How to know, the exact data structures and algorithms used to implement a standard piece of code, like in C++ STL?

By reading the source code, or documentation if available. If neither is available, then you can ask the vendor who sold you the implementation. If that is not an option either, you could try reverse-engineering (assuming that is legal for you to do), but this option is neither easy nor fast.
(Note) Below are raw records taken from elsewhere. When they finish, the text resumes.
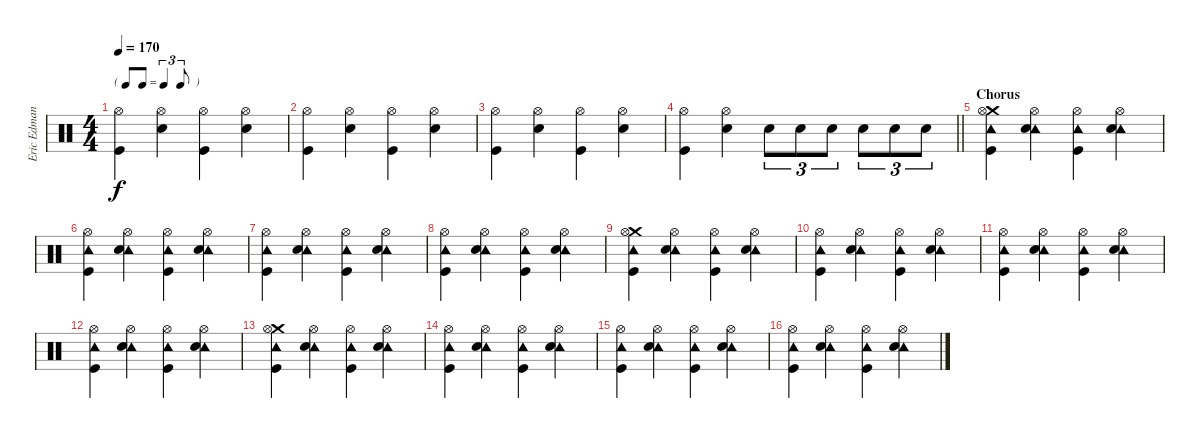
\track ("Eric Edman - Drums" "Eric Edman") {instrument percussion}
\staff {score}
\articulation defaults
\ts (4 4)
\tf triplet8th
\tempo 170
\clef neutral
\ks c
("Hi-Hat (open)" "Kick (hit)").4{dy f} ("Hi-Hat (open)" "Snare (hit) 2").4 ("Hi-Hat (open)" "Kick (hit)").4 ("Hi-Hat (open)" "Snare (hit) 2").4 |
("Hi-Hat (open)" "Kick (hit)").4 ("Hi-Hat (open)" "Snare (hit) 2").4 ("Hi-Hat (open)" "Kick (hit)").4 ("Hi-Hat (open)" "Snare (hit) 2").4 |
("Hi-Hat (open)" "Kick (hit)").4 ("Hi-Hat (open)" "Snare (hit) 2").4 ("Hi-Hat (open)" "Kick (hit)").4 ("Hi-Hat (open)" "Snare (hit) 2").4 |
\barLineRight lightlight
("Hi-Hat (open)" "Kick (hit)").4 ("Hi-Hat (open)" "Snare (hit) 2").4 "Snare (hit) 2".8{tu (3 2)} "Snare (hit) 2".8{tu (3 2)} "Snare (hit) 2".8{tu (3 2)} "Snare (hit) 2".8{tu (3 2)} "Snare (hit) 2".8{tu (3 2)} "Snare (hit) 2".8{tu (3 2)} |
\section ("" "Chorus")
("Crash medium (hit)" "Tambourine (hit)" "Kick (hit)" "Hi-Hat (open)").4 ("Tambourine (hit)" "Snare (hit) 2" "Hi-Hat (open)").4 ("Tambourine (hit)" "Kick (hit)" "Hi-Hat (open)").4 ("Tambourine (hit)" "Snare (hit) 2" "Hi-Hat (open)").4 |
("Tambourine (hit)" "Kick (hit)" "Hi-Hat (open)").4 ("Tambourine (hit)" "Snare (hit) 2" "Hi-Hat (open)").4 ("Tambourine (hit)" "Kick (hit)" "Hi-Hat (open)").4 ("Tambourine (hit)" "Snare (hit) 2" "Hi-Hat (open)").4 |
("Tambourine (hit)" "Kick (hit)" "Hi-Hat (open)").4 ("Tambourine (hit)" "Snare (hit) 2" "Hi-Hat (open)").4 ("Tambourine (hit)" "Kick (hit)" "Hi-Hat (open)").4 ("Tambourine (hit)" "Snare (hit) 2" "Hi-Hat (open)").4 |
("Tambourine (hit)" "Kick (hit)" "Hi-Hat (open)").4 ("Tambourine (hit)" "Snare (hit) 2" "Hi-Hat (open)").4 ("Tambourine (hit)" "Kick (hit)" "Hi-Hat (open)").4 ("Tambourine (hit)" "Snare (hit) 2" "Hi-Hat (open)").4 |
("Crash medium (hit)" "Tambourine (hit)" "Kick (hit)" "Hi-Hat (open)").4 ("Tambourine (hit)" "Snare (hit) 2" "Hi-Hat (open)").4 ("Tambourine (hit)" "Kick (hit)" "Hi-Hat (open)").4 ("Tambourine (hit)" "Snare (hit) 2" "Hi-Hat (open)").4 |
("Tambourine (hit)" "Kick (hit)" "Hi-Hat (open)").4 ("Tambourine (hit)" "Snare (hit) 2" "Hi-Hat (open)").4 ("Tambourine (hit)" "Kick (hit)" "Hi-Hat (open)").4 ("Tambourine (hit)" "Snare (hit) 2" "Hi-Hat (open)").4 |
("Tambourine (hit)" "Kick (hit)" "Hi-Hat (open)").4 ("Tambourine (hit)" "Snare (hit) 2" "Hi-Hat (open)").4 ("Tambourine (hit)" "Kick (hit)" "Hi-Hat (open)").4 ("Tambourine (hit)" "Snare (hit) 2" "Hi-Hat (open)").4 |
("Tambourine (hit)" "Kick (hit)" "Hi-Hat (open)").4 ("Tambourine (hit)" "Snare (hit) 2" "Hi-Hat (open)").4 ("Tambourine (hit)" "Kick (hit)" "Hi-Hat (open)").4 ("Tambourine (hit)" "Snare (hit) 2" "Hi-Hat (open)").4 |
("Crash medium (hit)" "Tambourine (hit)" "Kick (hit)" "Hi-Hat (open)").4 ("Tambourine (hit)" "Snare (hit) 2" "Hi-Hat (open)").4 ("Tambourine (hit)" "Kick (hit)" "Hi-Hat (open)").4 ("Tambourine (hit)" "Snare (hit) 2" "Hi-Hat (open)").4 |
("Tambourine (hit)" "Kick (hit)" "Hi-Hat (open)").4 ("Tambourine (hit)" "Snare (hit) 2" "Hi-Hat (open)").4 ("Tambourine (hit)" "Kick (hit)" "Hi-Hat (open)").4 ("Tambourine (hit)" "Snare (hit) 2" "Hi-Hat (open)").4 |
("Tambourine (hit)" "Kick (hit)" "Hi-Hat (open)").4 ("Tambourine (hit)" "Snare (hit) 2" "Hi-Hat (open)").4 ("Tambourine (hit)" "Kick (hit)" "Hi-Hat (open)").4 ("Tambourine (hit)" "Snare (hit) 2" "Hi-Hat (open)").4 |
("Tambourine (hit)" "Kick (hit)" "Hi-Hat (open)").4 ("Tambourine (hit)" "Snare (hit) 2" "Hi-Hat (open)").4 ("Tambourine (hit)" "Kick (hit)" "Hi-Hat (open)").4 ("Tambourine (hit)" "Snare (hit) 2" "Hi-Hat (open)").4

Although the standard doesn't explicitly specify the data structures that are to be used to implement the standard containers, their requirements are so strict that there is very little freedom for the implementation to choose. In practice:

  • std::list is implemented with a double linked list
  • std::forward_list .. with a singly linked list
  • std::vector .. with exponentially growing dynamic array
  • std::array .. with, not surprisingly, an array
  • std::deque .. with a segmented array
  • ordered associative containers are balanced search trees
  • unordered associative containers are hash tables with chained buckets.
  • std::queue and std::stack are container adaptors that use the underlying sequence container as-is.
  • std::priority_queue is a container adaptor that builds an implicit binary heap on top of the argument sequence container.
  • std::basic_string is similar to vector, except it is null-terminted, and has less strict requirements for invalidation of iterators, which allows the implementation to use an optimisation for small containers where the elements are stored within the container memory without dynamic allocation.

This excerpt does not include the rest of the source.